"The Watchmater nodded. Even an empty data set provides important information." --Kevin J. Anderson, Clockwork Angels
Sometimes sage words on data management come from unexpected sources.
A few weeks ago, I was reading an advanced review copy of Clockwork Angels, the latest book from prolific sci-fi writer Kevin J. Anderson. Angels is completely fictional (actually, it's a novelization of the Rush album of the same name.) However, the line above reminded me of my days consulting on large-scale CRM and ERP projects.
When profiling, converting or trying to load data, I would frequently query the database ahead of time. I was looking for potential problems like suspect or duplicate records, invalid values or remnants of issues that should have been resolved by now. And often the results of my queries would return nothing – a.k.a., the null set.
Despite its moniker, it would be wildly inaccurate to say that the null set is worth zero. In fact, I'd argue the opposite. I can think of dozens of times (dozens!) in which running a query or standard report returned nothing – and it was the very lack of results that made the team and me more confident to proceed. Finding thousands of problematic records gave us a great deal of pause.

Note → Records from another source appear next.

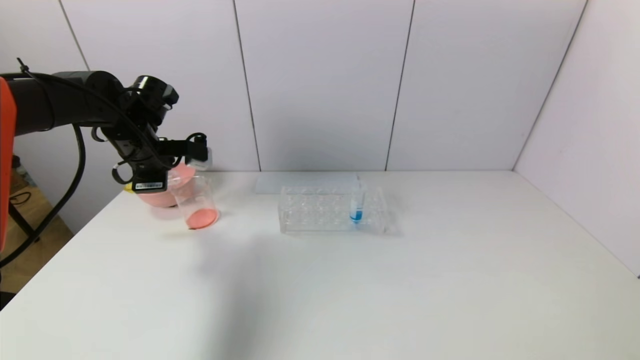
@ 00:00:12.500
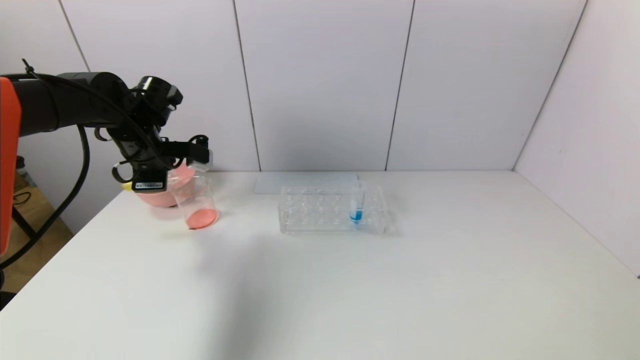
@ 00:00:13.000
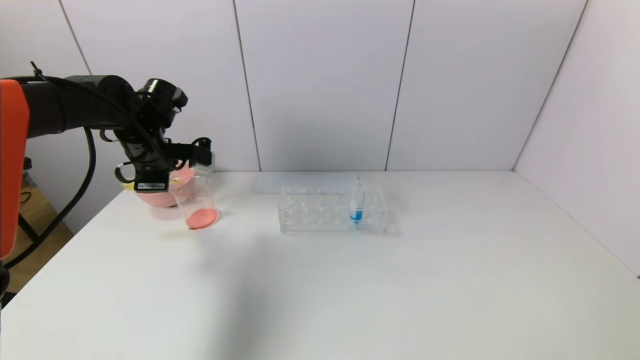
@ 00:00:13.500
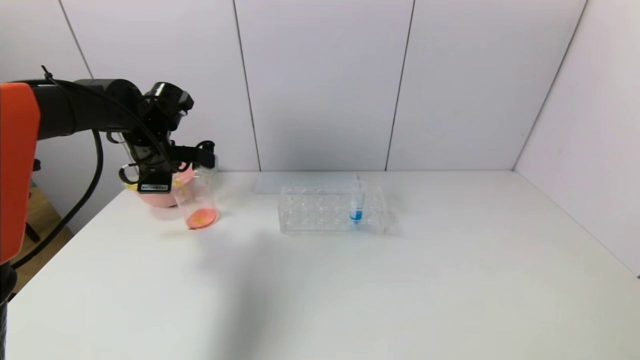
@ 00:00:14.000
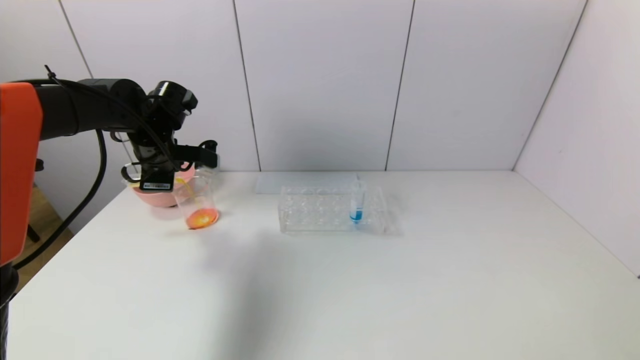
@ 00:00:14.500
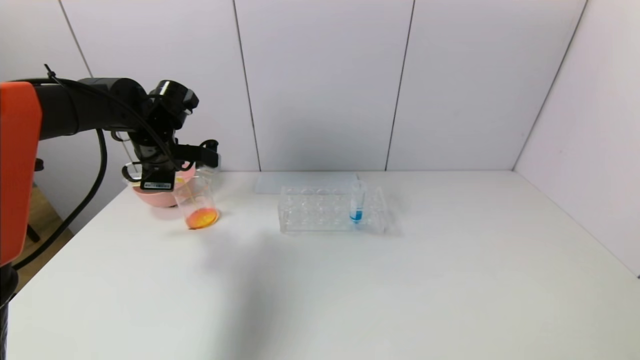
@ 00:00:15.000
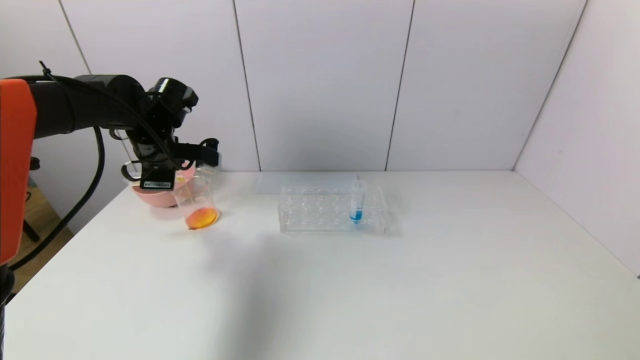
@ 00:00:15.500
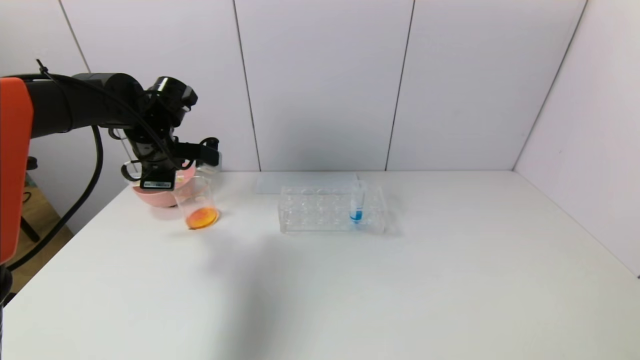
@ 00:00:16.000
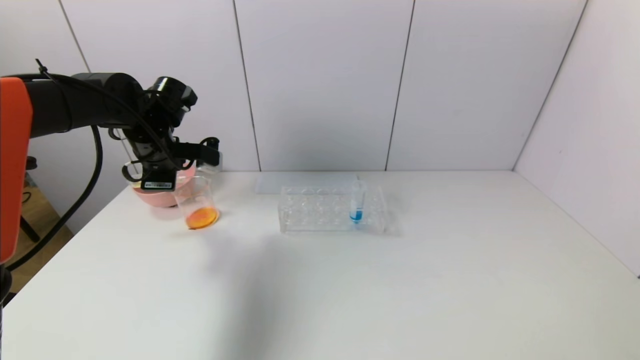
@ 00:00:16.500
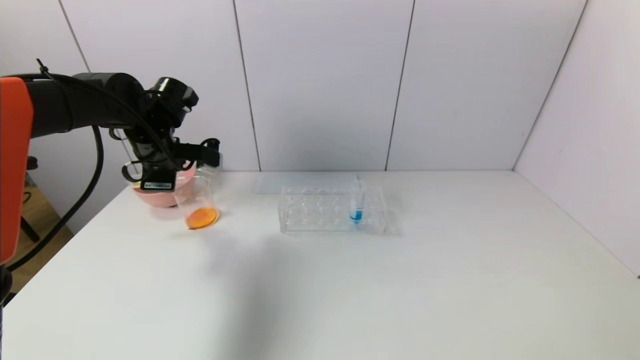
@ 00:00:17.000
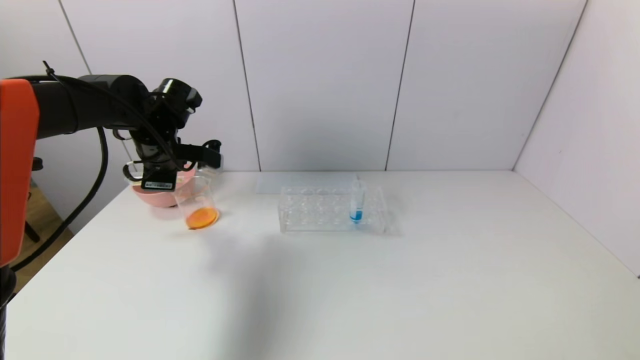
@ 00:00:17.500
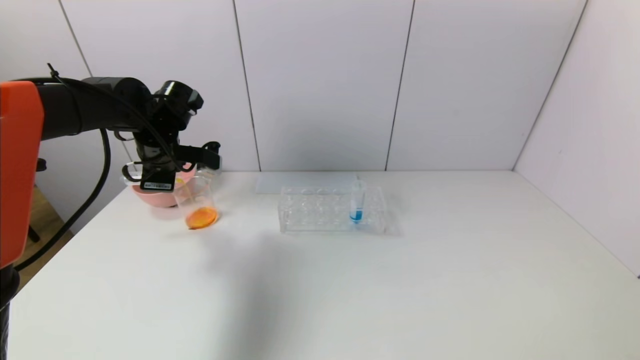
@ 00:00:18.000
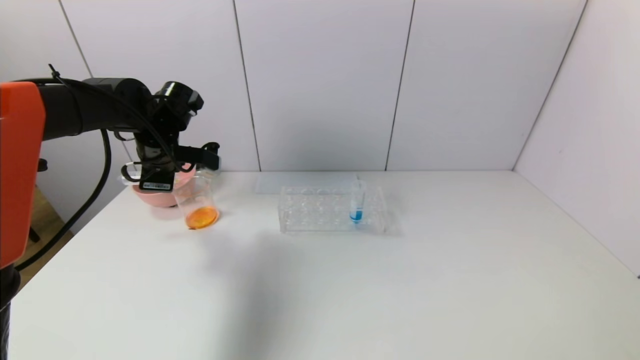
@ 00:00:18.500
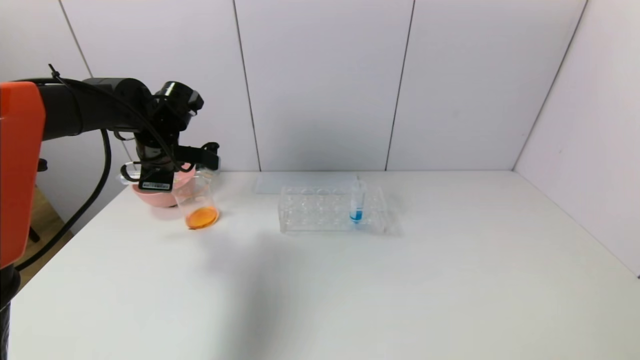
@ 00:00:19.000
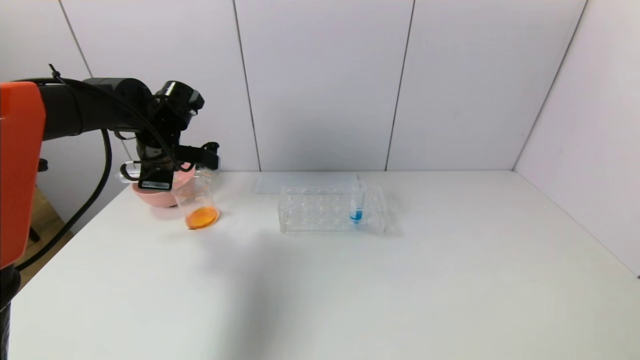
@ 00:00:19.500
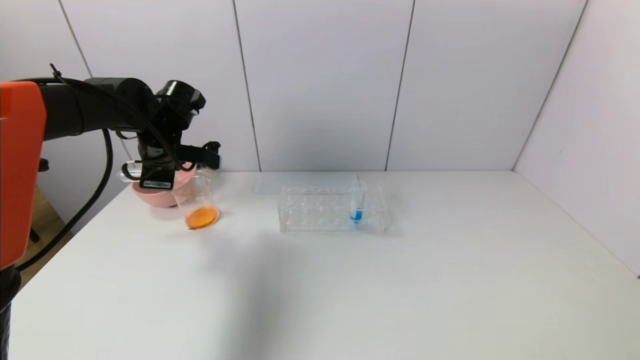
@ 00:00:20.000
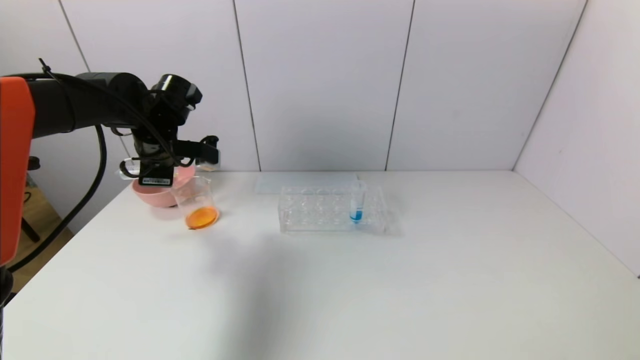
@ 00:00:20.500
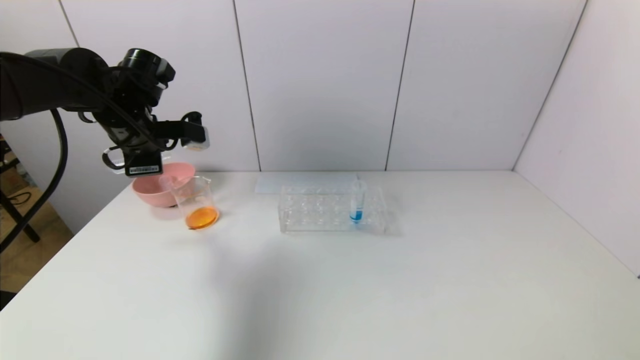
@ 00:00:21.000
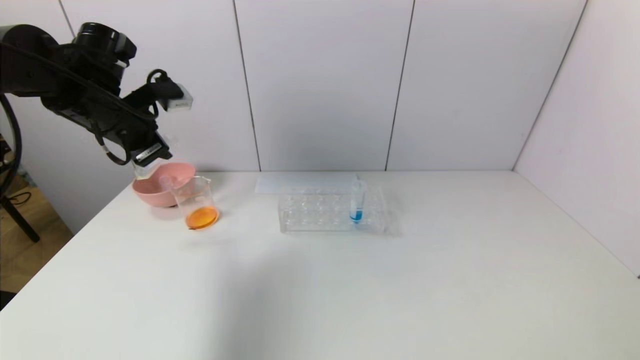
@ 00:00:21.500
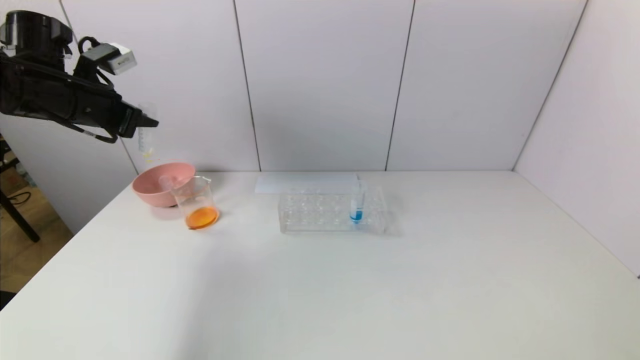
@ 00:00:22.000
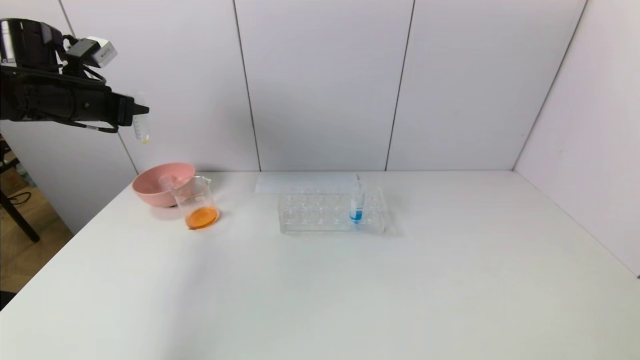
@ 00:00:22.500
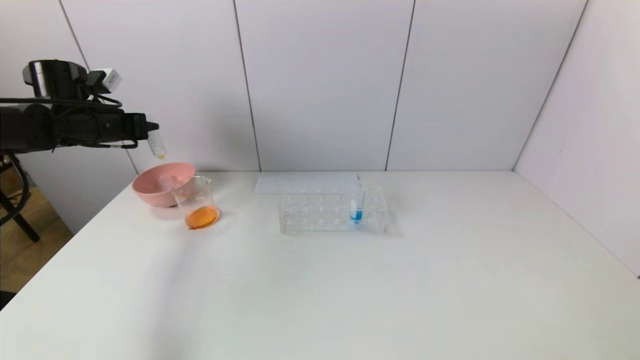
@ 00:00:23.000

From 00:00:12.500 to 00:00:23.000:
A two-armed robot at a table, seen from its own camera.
Task of the whole recording: pick up the test tube with yellow pigment and the test tube with red pigment by grippers and pour them into the beaker.
Step, from 00:00:12.500 to 00:00:19.500: Pour the yellow reagent into the graduated cylinder with the left gripper.
From 00:00:12.500 to 00:00:14.500: There are only small adjustments of the grippers.
From 00:00:14.500 to 00:00:16.500: Neither gripper changes place.
From 00:00:16.500 to 00:00:19.000: The grippers move only a little.
From 00:00:19.000 to 00:00:21.000: The left gripper changes place by roughly 5 cm.
From 00:00:21.000 to 00:00:23.000: The left gripper moves to the left, about 10 cm.

My favorite tricks with Microsoft Access involved using macros and a little VBA to spit out results to functional users in simple formats. For instance, in one large workbook, a payroll or finance manager would receive multiple queries (as tabs). A quick look those null results meant that all systems were go.
Simon Says
Don't get me wrong. Null sets don't always mean good news. Incorrectly written queries will fail to find legitimate issues. More to the point, you can't write queries to find every type of error in an enterprise system. (Business rules and logic and data validation provide much of that functionality.) Still, rest assured that there's plenty of value in zero.
Feedback
What say you?
1 Comment
Hi Phil
Thanks. This is very true.
Your point about queries not finding errors is important, because we only find the things we design rules to find. We will find things we expect to find and things we don't, but we will not find things we don't write rules to find (the things we don't know we don't know).
I guess it come down to finding the things that will have a material impact (i.e. Pareto rule) and return value to the organisation in the form of successful migrations, upgrades, quality improvements, etc.